[Records provided Boundary: Start]
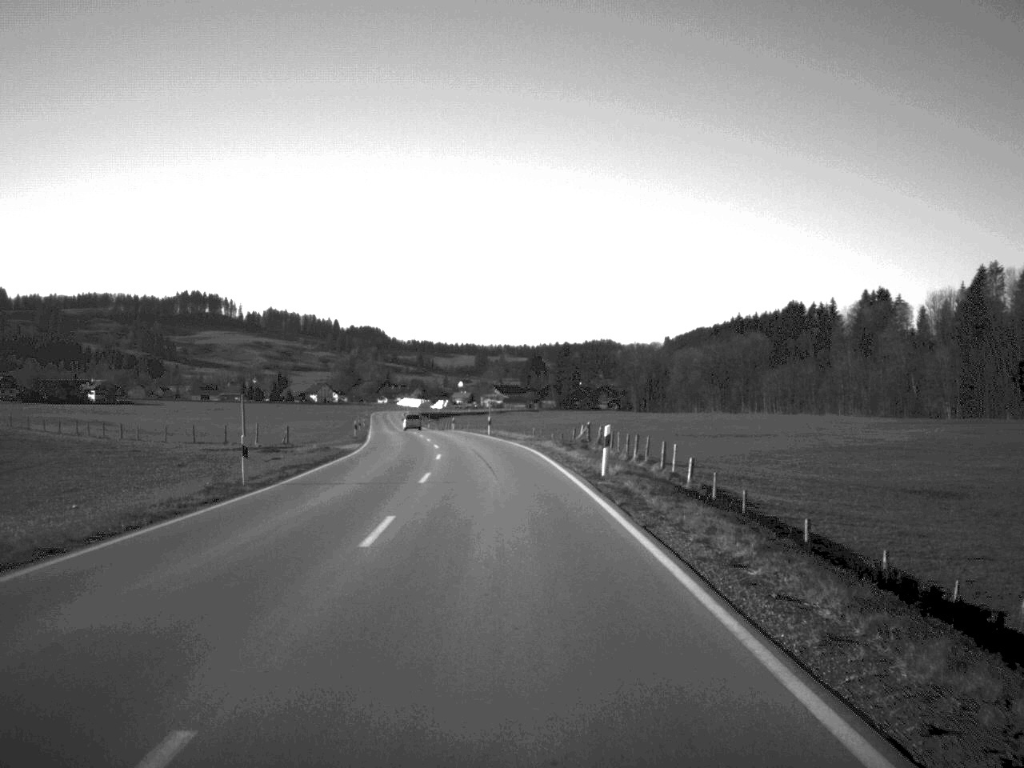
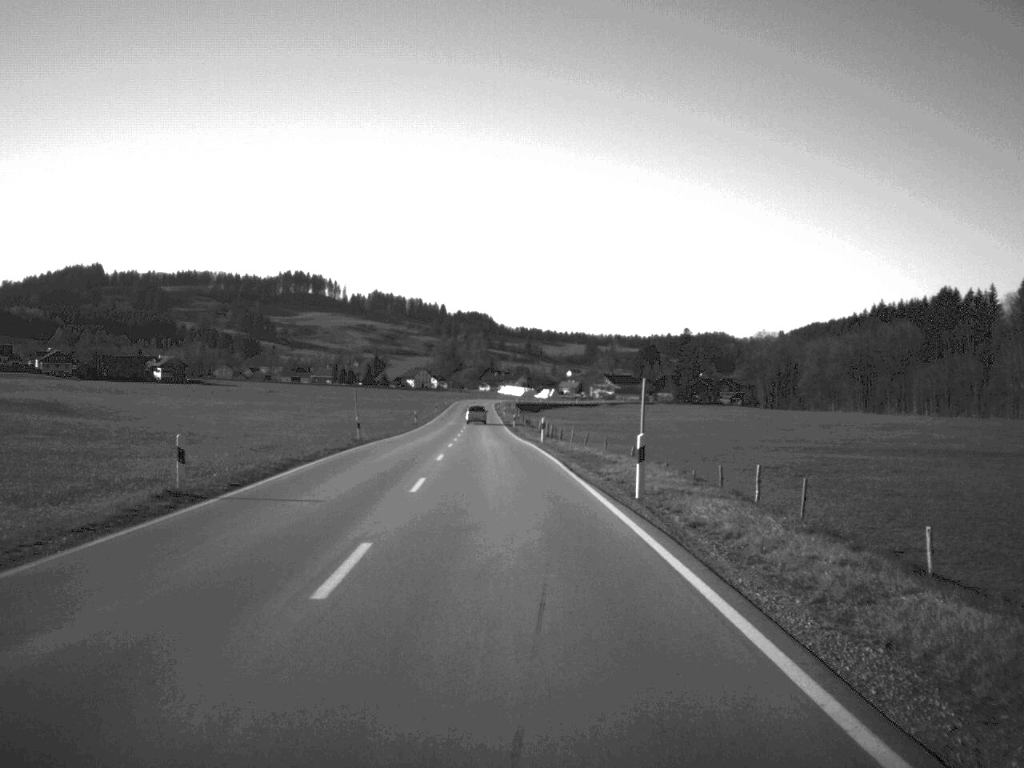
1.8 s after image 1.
(-2.2, +51.6) m; -5°
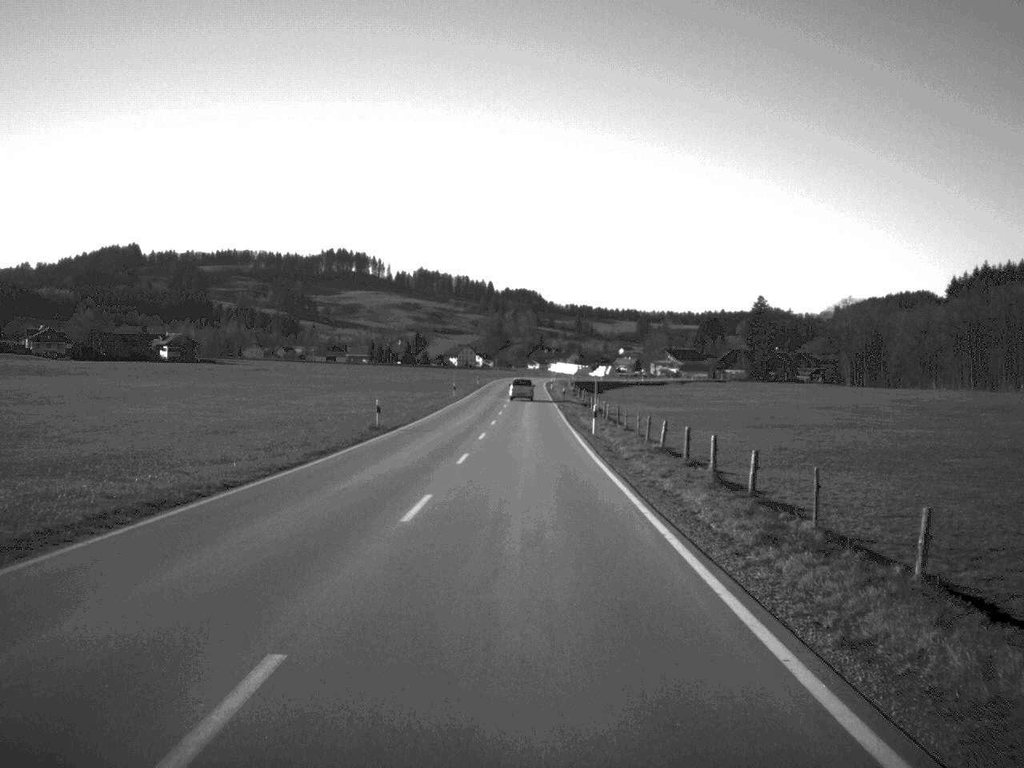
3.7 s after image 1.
(-1.5, +53.9) m; -2°
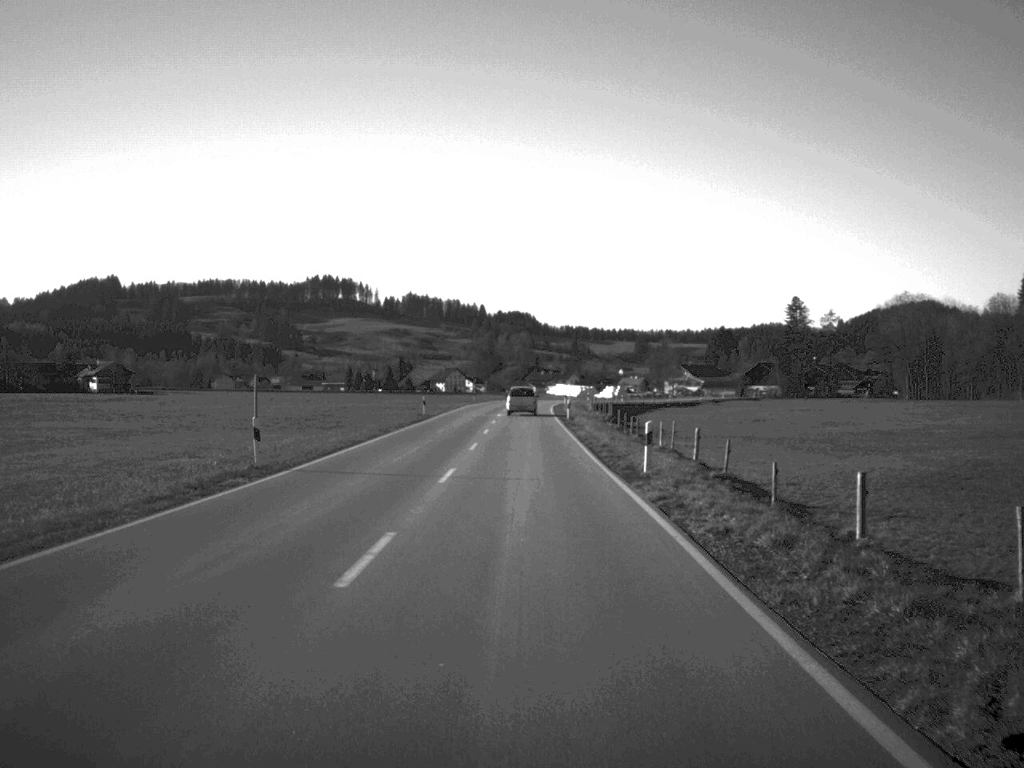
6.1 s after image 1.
(+0.2, +64.8) m; 0°
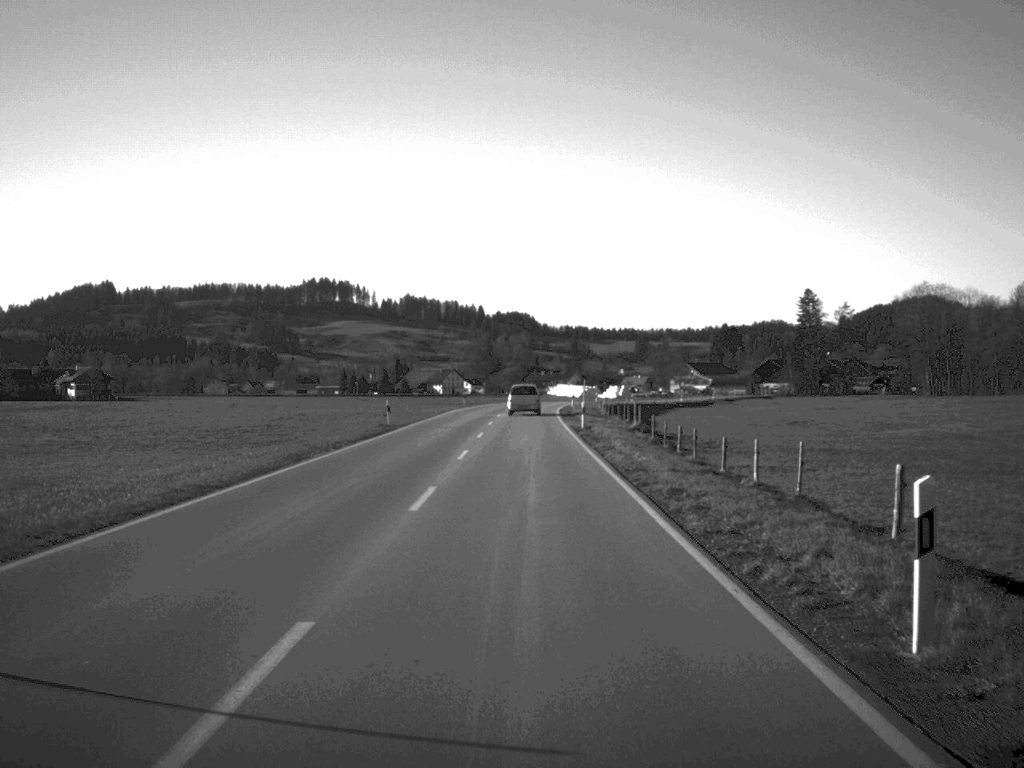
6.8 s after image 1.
(0.0, +17.4) m; 0°
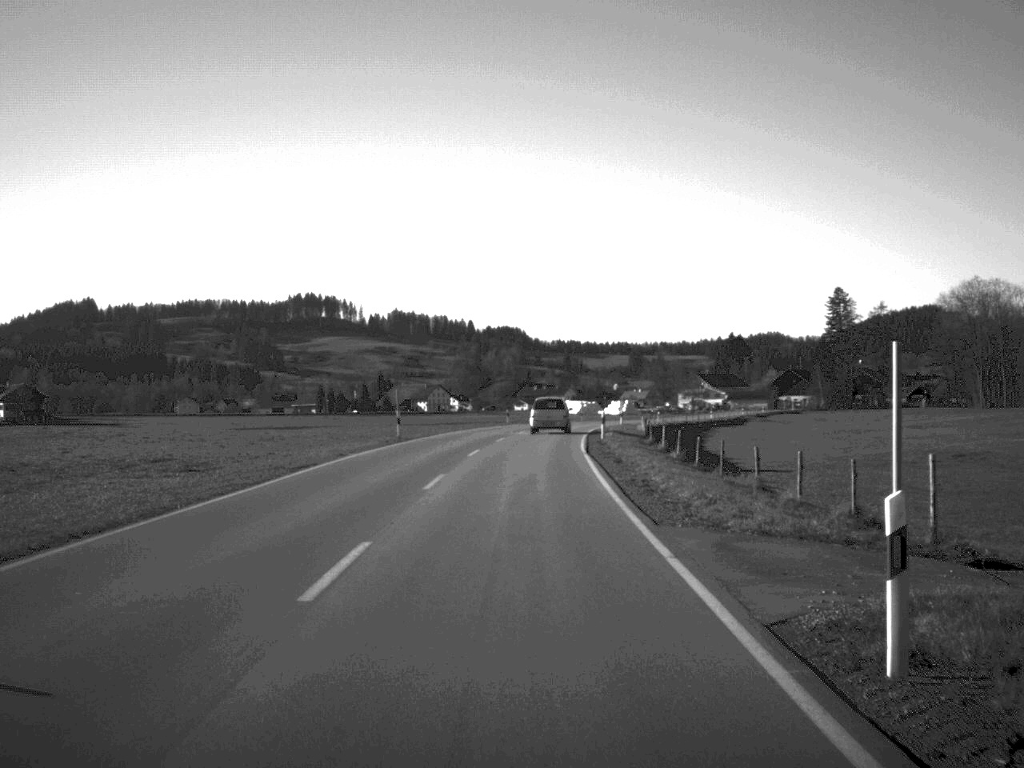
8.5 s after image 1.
(+0.1, +42.5) m; 0°
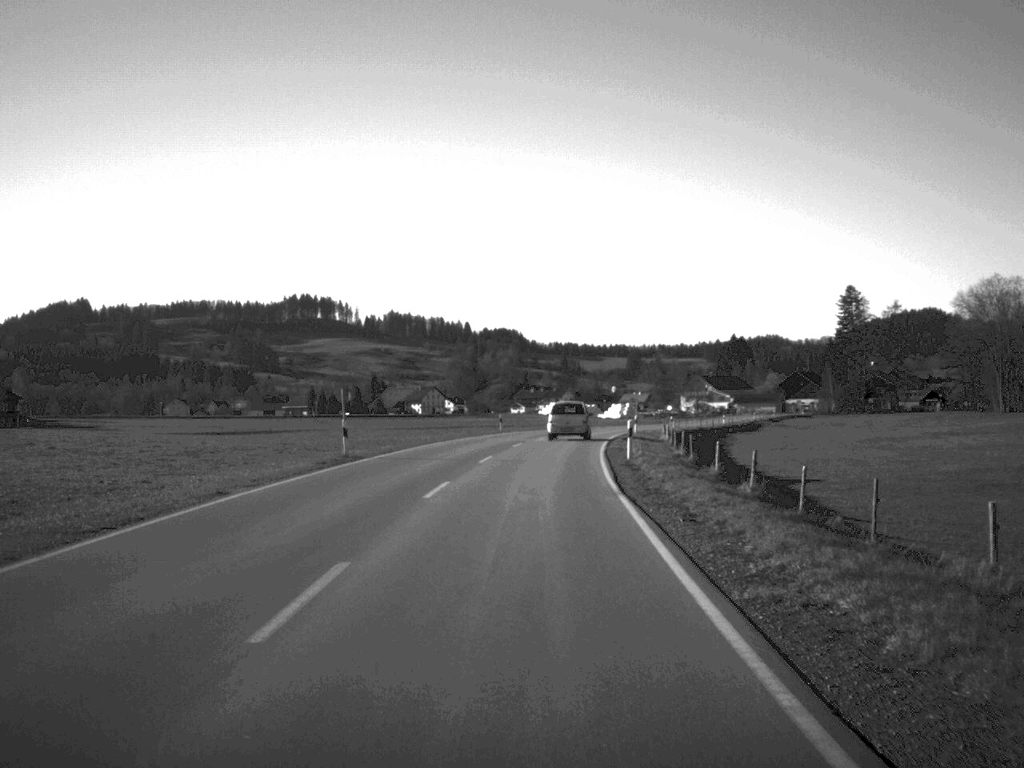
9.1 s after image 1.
(0.0, +13.6) m; 0°
[Records provided Boundary: End]
* _Problem details_:
Could you give all of the data again exactly as written, omitting any pictures?

* _Task solution_:
1.8 s after image 1.
(-2.2, +51.6) m; -5°
3.7 s after image 1.
(-1.5, +53.9) m; -2°
6.1 s after image 1.
(+0.2, +64.8) m; 0°
6.8 s after image 1.
(0.0, +17.4) m; 0°
8.5 s after image 1.
(+0.1, +42.5) m; 0°
9.1 s after image 1.
(0.0, +13.6) m; 0°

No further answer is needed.